Most managers spend their entire day in consecutive meetings.

After their last meeting, the last thing they want is another meeting to discuss your career goals.

Sometimes a manager has 15-20 reports, making it hard to communicate your impact.

Misunderstandings and stress can result.

Especially when the manager should focus on selfish parts of the team. Success won't concern them.

What you can do about it

  1. Tell your manager that you are a self-starter and that you will pro-actively update them on your progress, especially if they aren't present at the meetings you regularly attend.

  2. Keep being proactive and look for mentorship elsewhere if you believe your boss doesn't have enough time to work on your career goals.

  3. Alternately, look for a team where the manager has more authority to assist you in making career decisions.

After a certain point, company loyalty can become quite harmful.

Because big tech companies create brand loyalty, too many colleagues stayed in unhealthy environments.

When you work for a well-known company and strangers compliment you, it's fun to tell your friends.

Work defines you. This can make you stay too long even though your career isn't progressing and you're unhappy.

Google may become your surname.

Workplaces are not families.

If you're unhappy, don't stay just because they gave you the paycheck to buy your first home and make you feel like you owe your life to them.

Many employees stayed too long. Though depressed and suicidal.

What you can do about it

  1. Your life is not worth a company.

  2. Do you want your job title and workplace to be listed on your gravestone? If not, leave if conditions deteriorate.

  3. Recognize that change can be challenging. It's difficult to leave a job you've held for a number of years.

  4. Ask those who have experienced this change how they handled it.

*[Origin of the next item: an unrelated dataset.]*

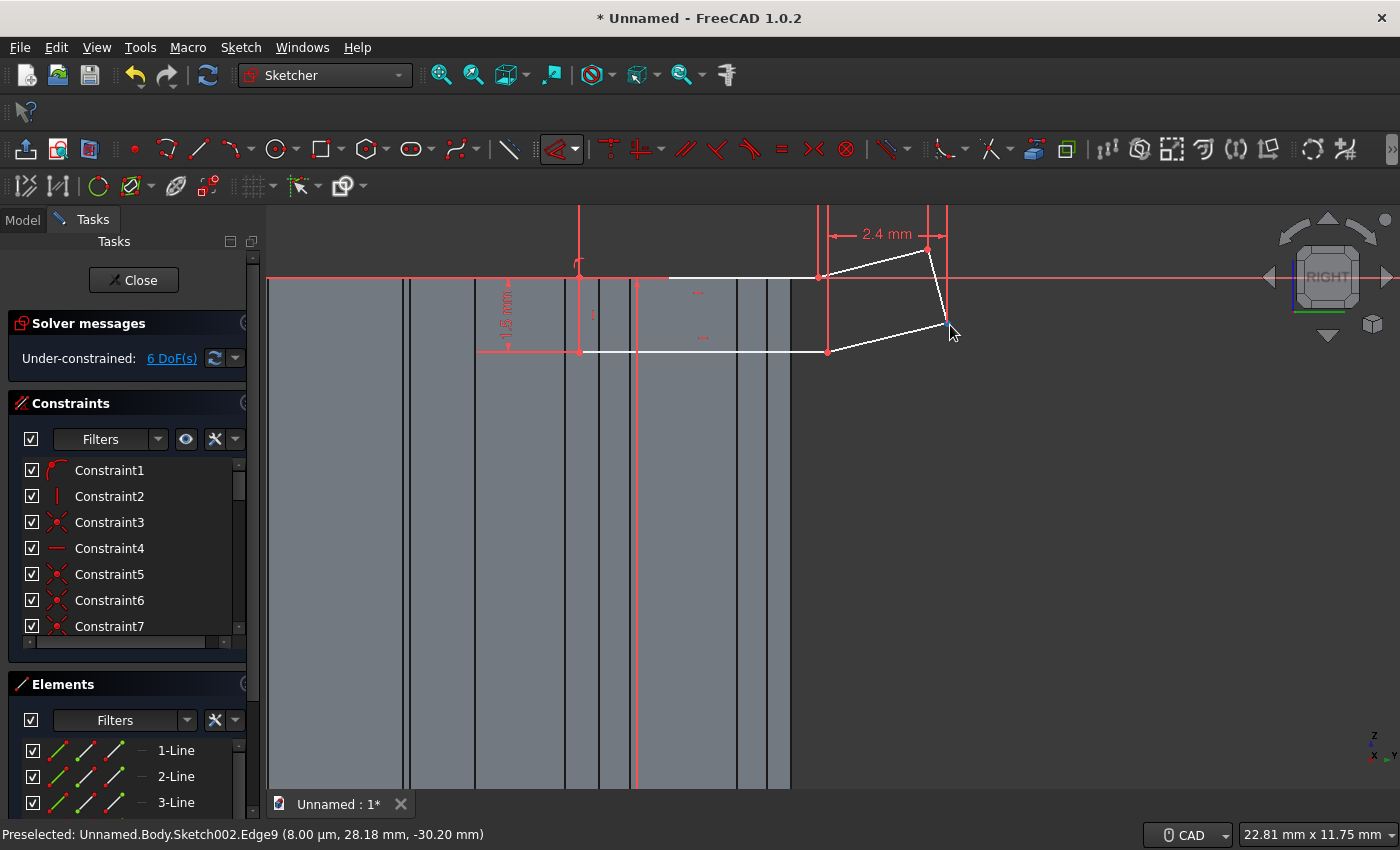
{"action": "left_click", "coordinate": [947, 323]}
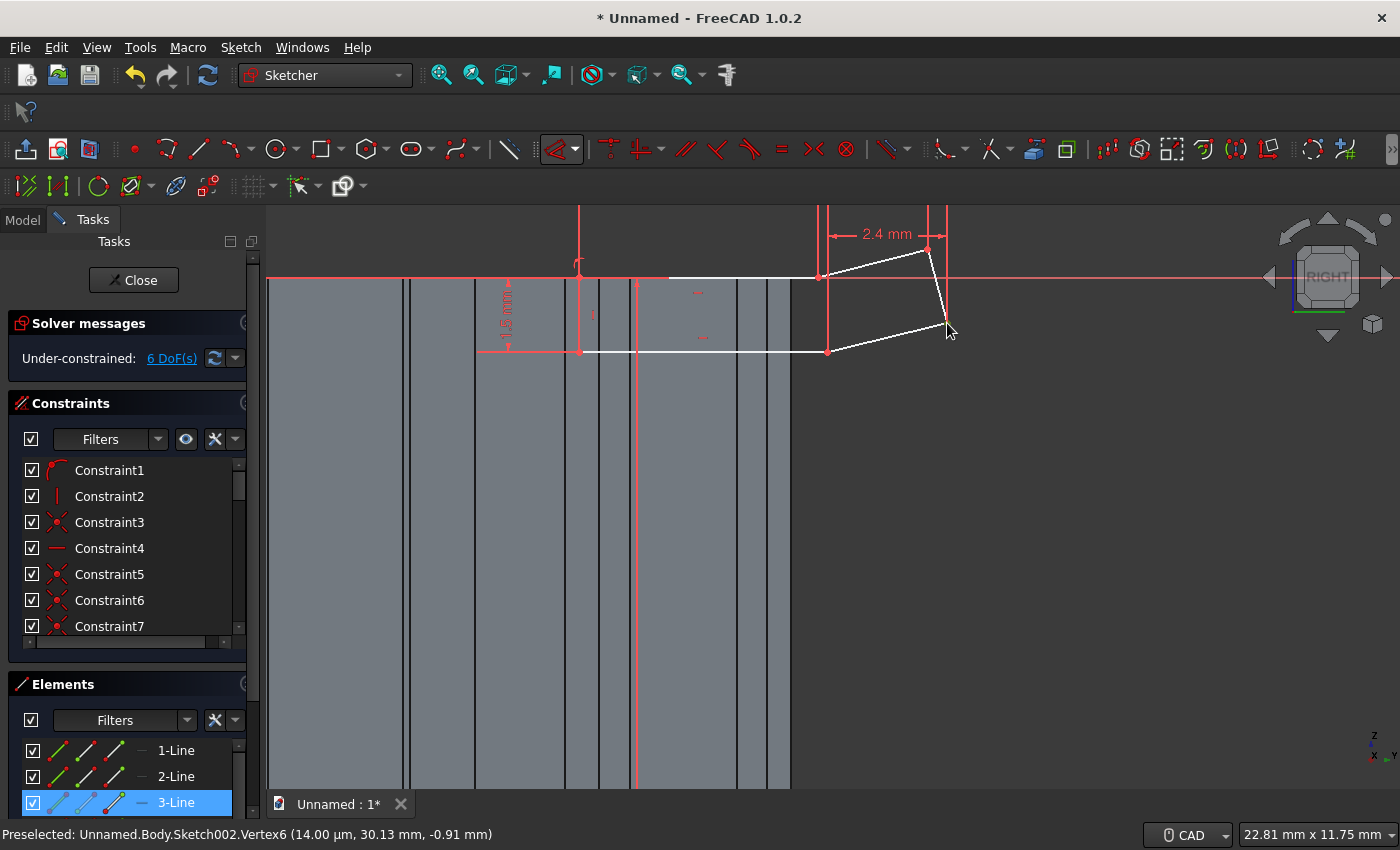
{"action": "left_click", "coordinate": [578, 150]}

You still have a bright future if you were rejected from FAANG interviews.

Rejections only lead to amazing opportunities. If you're young and childless, work for a startup.

Companies may pay more than FAANGs. Do your research.

Ask recruiters and hiring managers tough questions about how the company and teams prioritize respectful working hours and boundaries for workers.

I know many 15-year-olds who have a lifelong dream of working at Google, and it saddens me that they're chasing a name on their resume instead of excellence.

This article is not meant to discourage you from working at these companies, but to share my experience about what HR/managers will never mention in interviews.

Read both sides before signing the big offer letter.

Hudson Rennie

Hudson Rennie

3 years ago

My Work at a $1.2 Billion Startup That Failed

Sometimes doing everything correctly isn't enough.

Image via: glassdoor.com licensed under CC BY 2.0

In 2020, I could fix my life.

After failing to start a business, I owed $40,000 and had no work.

A $1.2 billion startup on the cusp of going public pulled me up.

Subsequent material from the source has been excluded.